- PROVIDED RECORDS
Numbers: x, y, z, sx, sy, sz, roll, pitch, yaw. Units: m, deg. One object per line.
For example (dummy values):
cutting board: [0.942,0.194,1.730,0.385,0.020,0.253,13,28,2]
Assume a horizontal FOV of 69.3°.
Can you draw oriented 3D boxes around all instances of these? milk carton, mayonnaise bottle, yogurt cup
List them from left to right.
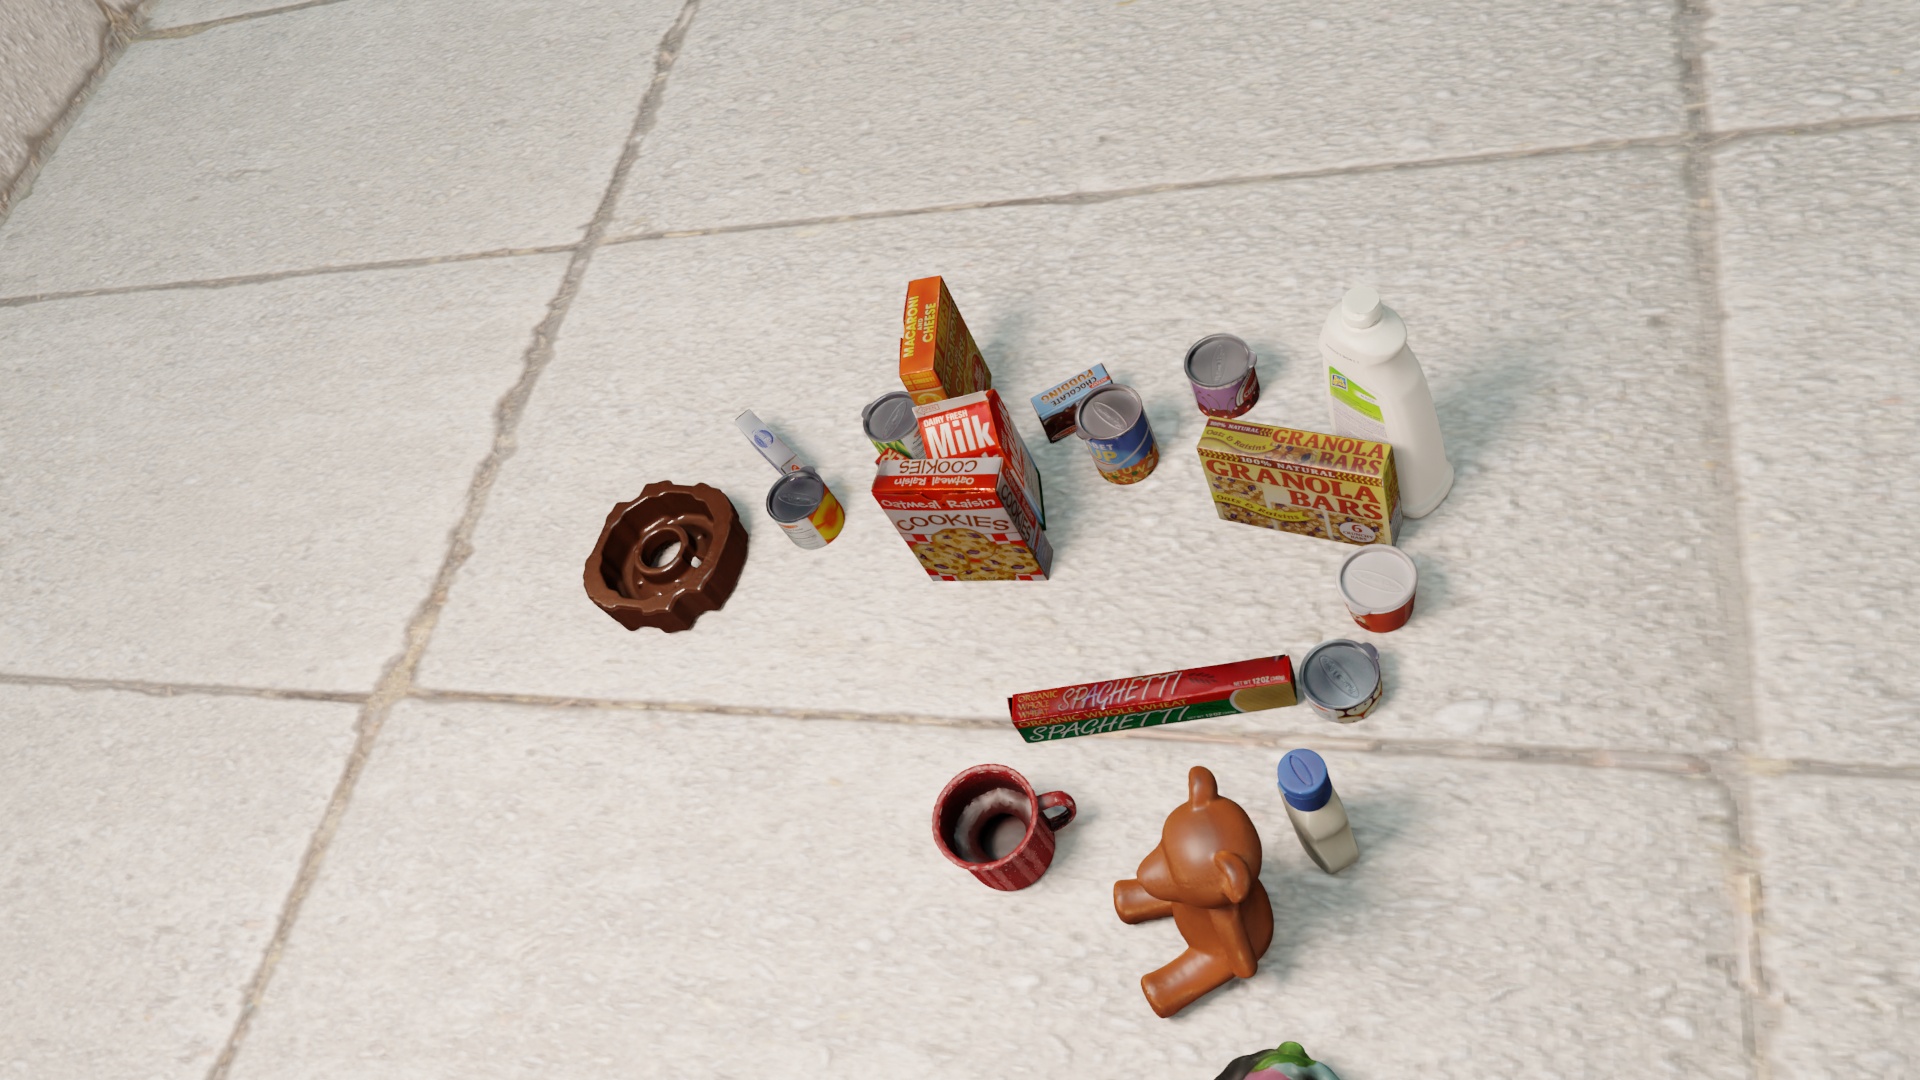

- TASK REQUIREMENTS
From the line containing "Assume a horizontal FOV of 69.3°." to the final line above, both included, transcribe every line exactly and leave all pictures out.

- ANSWER SECTION
Assume a horizontal FOV of 69.3°.
Can you draw oriented 3D boxes around all instances of these? milk carton, mayonnaise bottle, yogurt cup
List them from left to right.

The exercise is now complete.